**EXERCISE DIRECTIONS:** Once the line holding "This screenshot has height=1308, width=924." appears, repeat it and each line after it to the end of the data, exactly and with nothing else; pictures stay out.

__________________________________________________

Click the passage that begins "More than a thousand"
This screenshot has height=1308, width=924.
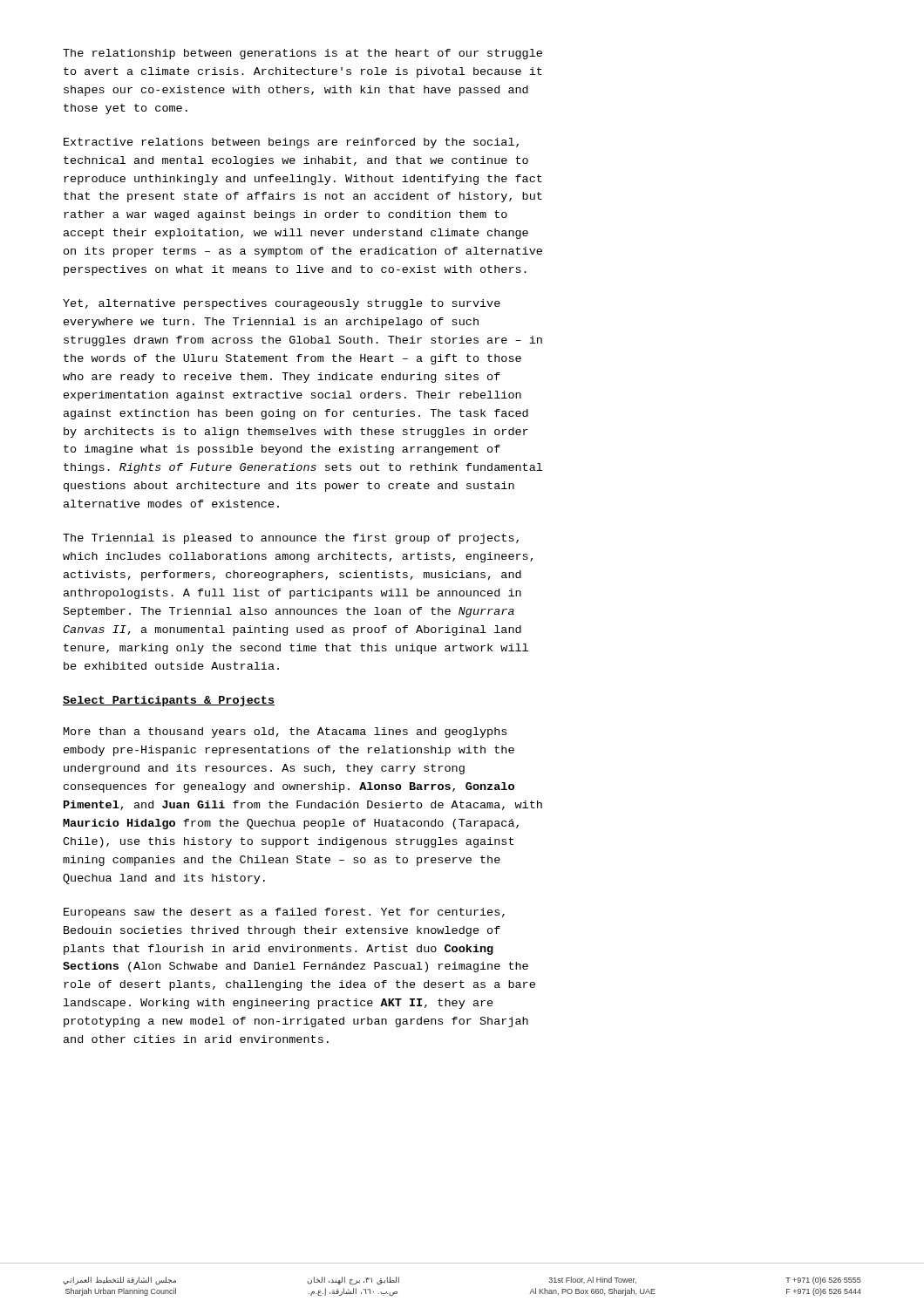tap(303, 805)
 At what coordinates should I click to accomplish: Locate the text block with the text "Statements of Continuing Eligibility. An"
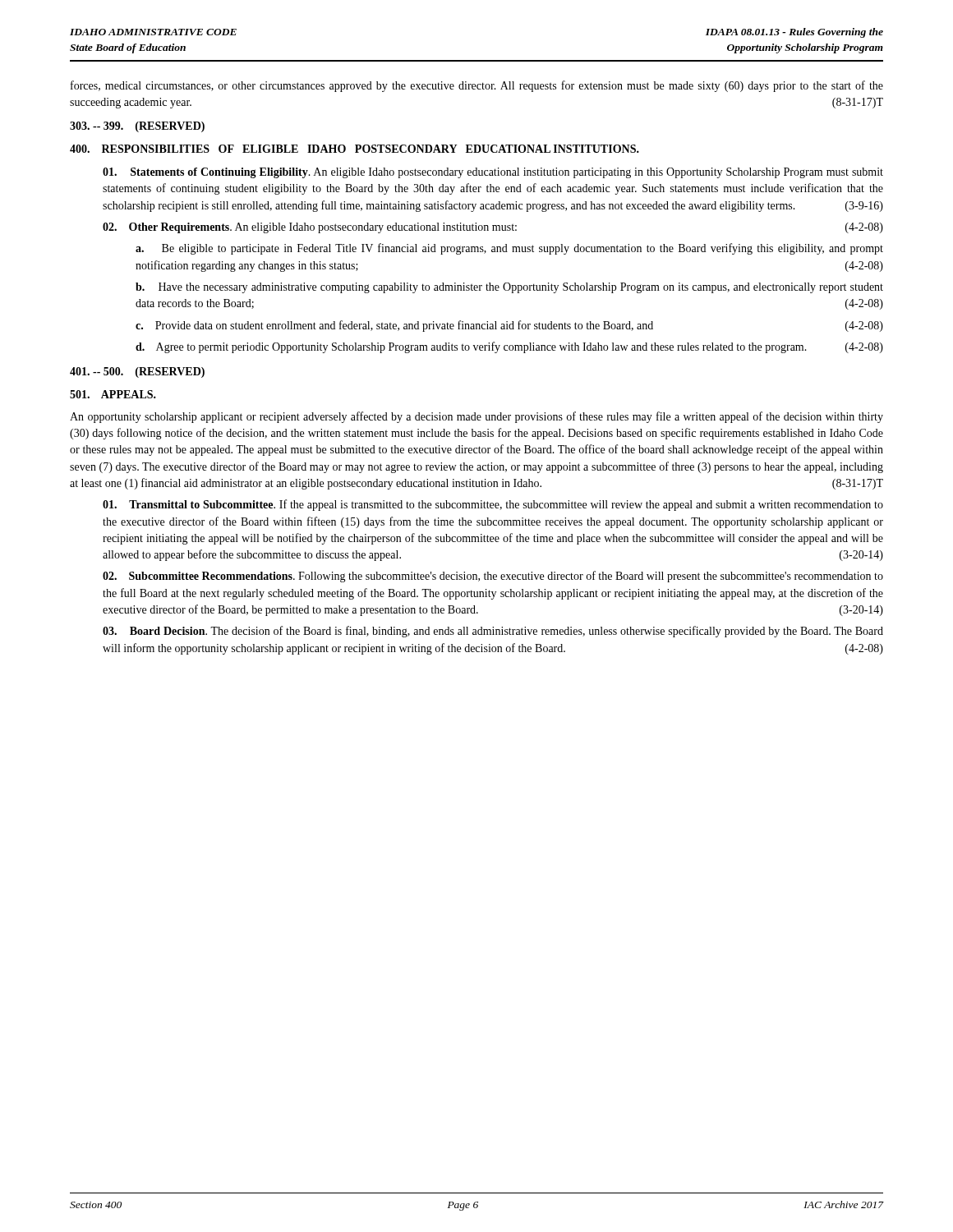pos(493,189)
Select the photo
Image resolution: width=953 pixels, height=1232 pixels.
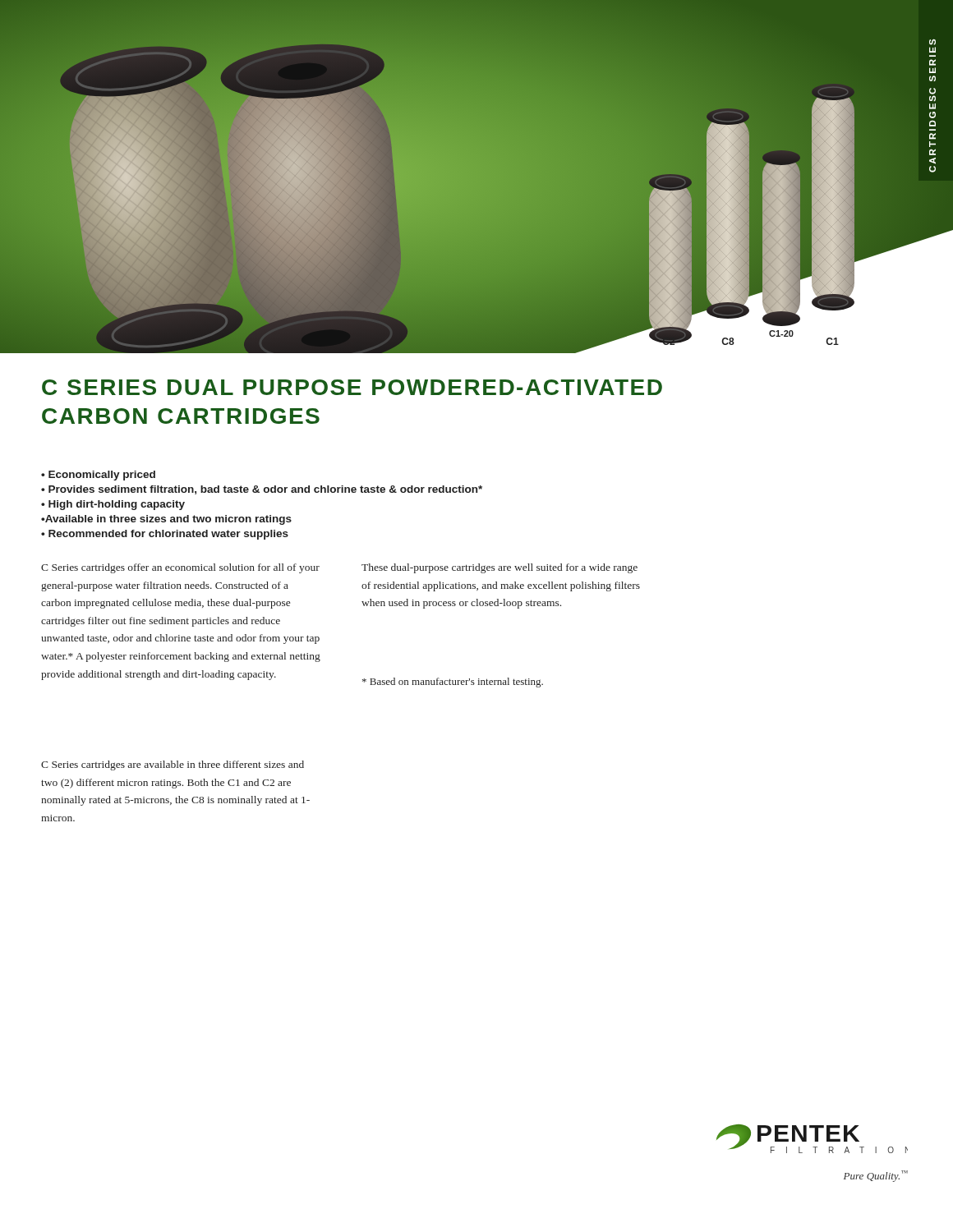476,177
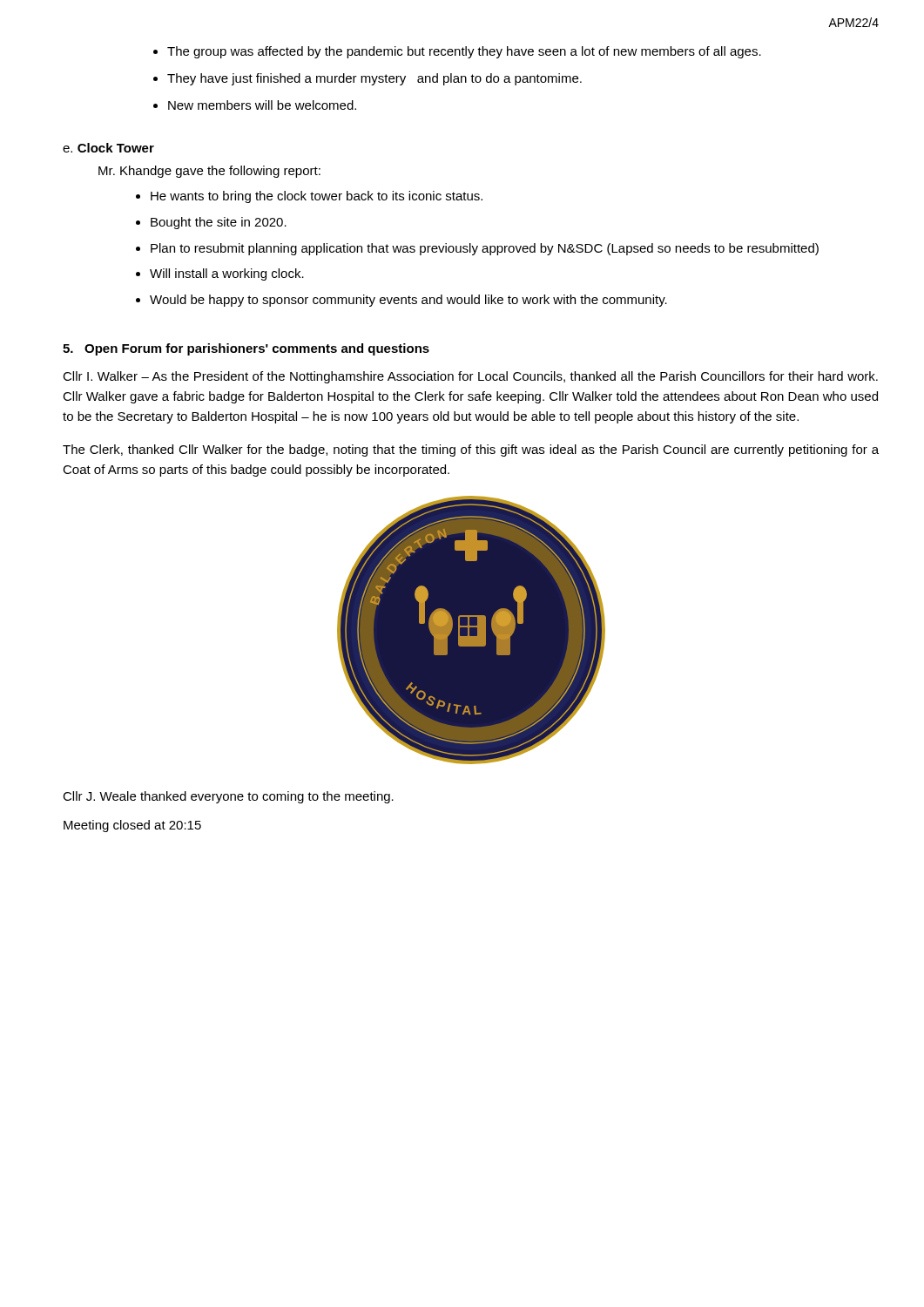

__________________________________________________

**WRITTEN RESPONSE:**
This screenshot has height=1308, width=924.
tap(303, 805)
 At what coordinates should I click to accomplish: Locate the text block with the text "Statements of Continuing Eligibility. An"
pos(493,189)
Select the photo
Image resolution: width=953 pixels, height=1232 pixels.
476,177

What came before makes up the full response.